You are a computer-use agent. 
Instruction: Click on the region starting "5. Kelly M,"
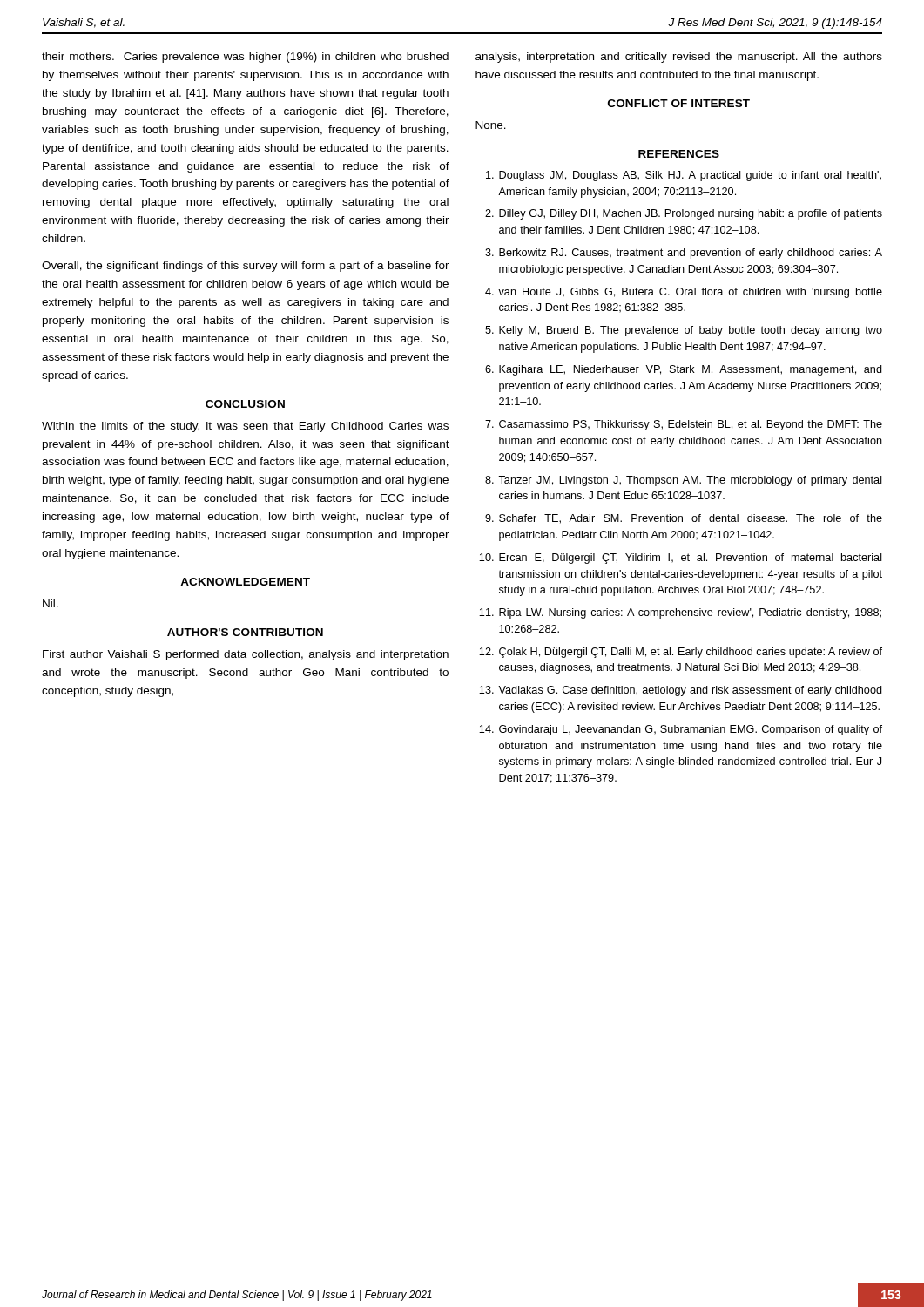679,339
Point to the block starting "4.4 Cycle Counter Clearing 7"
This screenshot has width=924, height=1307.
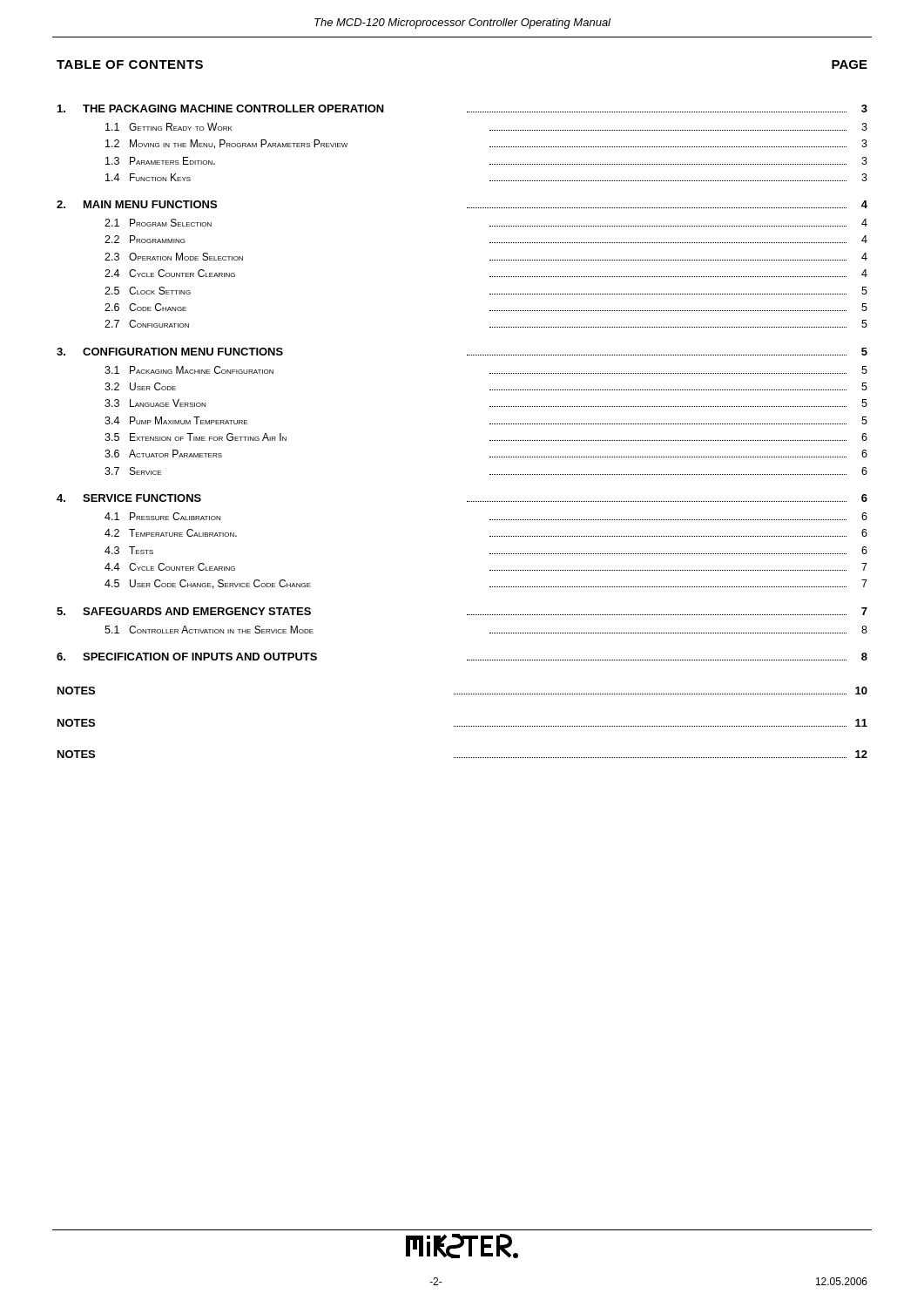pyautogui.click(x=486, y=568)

....................

→ Your goal
All of the records need repeating exactly, except for the pictures.

→ Solved problem
You are a computer-use agent. 
Instruction: Click on the region starting "5. Kelly M,"
679,339
Point to the block starting "4.4 Cycle Counter Clearing 7"
This screenshot has width=924, height=1307.
pyautogui.click(x=486, y=568)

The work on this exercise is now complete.